What Changed
Released v2.2.0 of my Elixir Phoenix Guide plugin. The big change: hooks are now context-aware. They detect your project stack at the start of a session and adjust their behavior accordingly. Four new validation hooks bring the total to 21, and every warning now includes a fix you can copy and paste.
Project Detection
Previous versions applied every rule to every project. That meant LiveView hooks would fire on API-only projects, and Phoenix 1.7 projects would see warnings that only applied to 1.8. Not harmful, but noisy.

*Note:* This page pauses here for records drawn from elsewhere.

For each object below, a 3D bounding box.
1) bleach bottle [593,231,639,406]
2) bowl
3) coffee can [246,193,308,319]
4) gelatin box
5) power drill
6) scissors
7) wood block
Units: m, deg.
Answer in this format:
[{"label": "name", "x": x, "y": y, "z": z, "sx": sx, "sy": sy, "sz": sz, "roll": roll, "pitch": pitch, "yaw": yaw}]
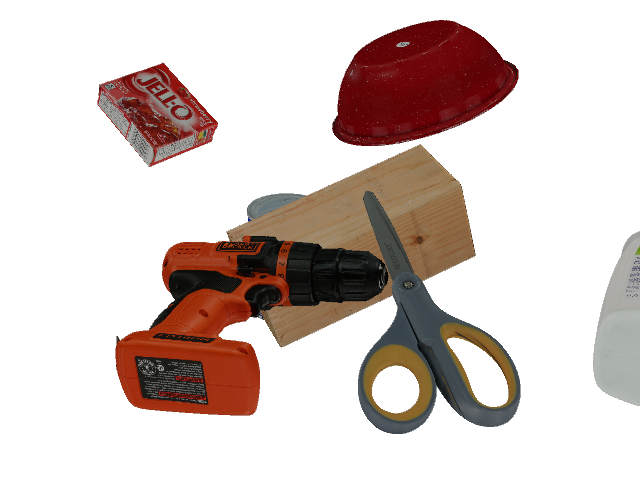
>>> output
[{"label": "bleach bottle", "x": 0.254, "y": 0.038, "z": 0.744, "sx": 0.103, "sy": 0.068, "sz": 0.250, "roll": 9, "pitch": 20, "yaw": 19}, {"label": "bowl", "x": 0.078, "y": -0.139, "z": 0.883, "sx": 0.162, "sy": 0.055, "sz": 0.162, "roll": -18, "pitch": 25, "yaw": 8}, {"label": "coffee can", "x": -0.044, "y": 0.022, "z": 1.387, "sx": 0.103, "sy": 0.140, "sz": 0.103, "roll": 1, "pitch": 25, "yaw": -1}, {"label": "gelatin box", "x": -0.150, "y": -0.117, "z": 0.980, "sx": 0.073, "sy": 0.089, "sz": 0.030, "roll": -27, "pitch": -24, "yaw": -35}, {"label": "power drill", "x": -0.054, "y": 0.056, "z": 0.792, "sx": 0.185, "sy": 0.057, "sz": 0.187, "roll": 0, "pitch": 24, "yaw": 17}, {"label": "scissors", "x": 0.039, "y": 0.042, "z": 0.629, "sx": 0.096, "sy": 0.016, "sz": 0.202, "roll": -22, "pitch": 45, "yaw": -18}, {"label": "wood block", "x": 0.030, "y": 0.004, "z": 1.005, "sx": 0.206, "sy": 0.091, "sz": 0.090, "roll": -24, "pitch": 37, "yaw": -9}]

v2.2.0 fixes this with a detection system. The SessionStart hook runs detect_project.sh once per session, parsing your mix.exs to identify:
- Phoenix version (1.7 vs 1.8+ with the Scope struct)

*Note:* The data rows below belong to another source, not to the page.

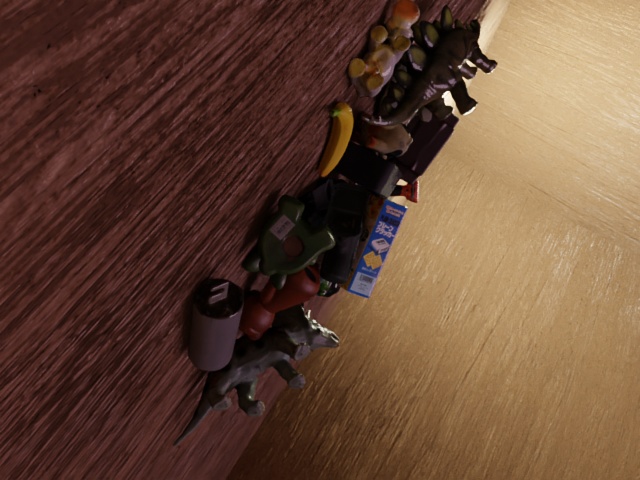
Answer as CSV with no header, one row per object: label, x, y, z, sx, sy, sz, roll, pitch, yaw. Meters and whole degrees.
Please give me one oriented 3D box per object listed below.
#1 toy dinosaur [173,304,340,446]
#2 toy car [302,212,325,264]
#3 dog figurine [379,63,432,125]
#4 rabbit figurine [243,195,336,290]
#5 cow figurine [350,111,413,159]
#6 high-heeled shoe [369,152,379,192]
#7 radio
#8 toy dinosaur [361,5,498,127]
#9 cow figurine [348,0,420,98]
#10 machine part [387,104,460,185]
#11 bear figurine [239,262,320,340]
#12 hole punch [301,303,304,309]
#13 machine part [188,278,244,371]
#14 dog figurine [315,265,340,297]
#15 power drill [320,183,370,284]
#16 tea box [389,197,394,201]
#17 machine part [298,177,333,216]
toy dinosaur,-0.146,0.258,1.139,0.405,0.192,0.131,-24,121,-15
toy car,-0.002,-0.004,1.201,0.109,0.103,0.161,-50,168,-48
dog figurine,0.184,-0.330,1.246,0.190,0.121,0.172,-178,-70,-76
rabbit figurine,-0.055,0.011,0.961,0.159,0.121,0.170,-56,-175,4
cow figurine,0.134,-0.218,1.133,0.085,0.127,0.195,-67,-161,8
high-heeled shoe,0.110,-0.126,1.331,0.145,0.086,0.248,55,48,-58
radio,0.103,-0.155,1.189,0.073,0.131,0.229,-61,170,6
toy dinosaur,0.231,-0.339,1.086,0.105,0.198,0.471,-17,-148,51
cow figurine,0.115,-0.325,0.928,0.167,0.068,0.098,-56,176,0
machine part,0.250,-0.246,1.352,0.201,0.087,0.201,-56,-175,13
bear figurine,-0.097,0.105,1.077,0.196,0.132,0.120,-35,135,19
hole punch,-0.085,0.147,1.340,0.142,0.092,0.115,61,29,-76
machine part,-0.169,0.139,0.863,0.079,0.079,0.243,-50,166,-42
dog figurine,0.018,0.027,1.360,0.219,0.109,0.191,93,12,-61
power drill,0.051,-0.039,1.069,0.207,0.086,0.232,102,4,-73
tea box,0.177,-0.146,1.683,0.068,0.098,0.169,-62,172,16
machine part,0.001,-0.084,1.103,0.139,0.039,0.084,-25,115,-62

- LiveView presence (full-stack vs API-only)
- Ecto adapter (Postgres, SQLite, MySQL)
- Oban presence
Results get cached to .elixir-phoenix-guide-project.json. Every hook reads this file before deciding whether to run.
The practical effect: if you’re building a JSON API without LiveView, hooks like missing-impl, auto-upload, and context-boundary-violation stay silent. If you’re on Phoenix 1.8+, you’ll get a warning when your code references @current_user instead of @current_scope. The plugin fits the project instead of the other way around.
Four New Validation Hooks
These run after code is written, catching architectural issues that are easy to miss during review.
missing-preload
Warns when you access an association without a visible preload. This is the classic N+1 query source in Ecto. You load a list of posts, iterate over them in a template, and call post.author.name. It works in dev with 10 rows. It falls over in production with 10,000.
missing-error-clause
Warns on with statements that don’t have an else clause. Without one, any non-matching result falls through silently. You get {:error, :not_found} returned raw to a controller that expected an {:ok, result} tuple, and the error message is useless.
raw-sql-warning
Two levels here. String interpolation inside raw SQL (fragment("... #{value} ...") is blocked outright because that’s SQL injection. Plain fragment() usage gets a softer warning reminding you to use parameterized queries.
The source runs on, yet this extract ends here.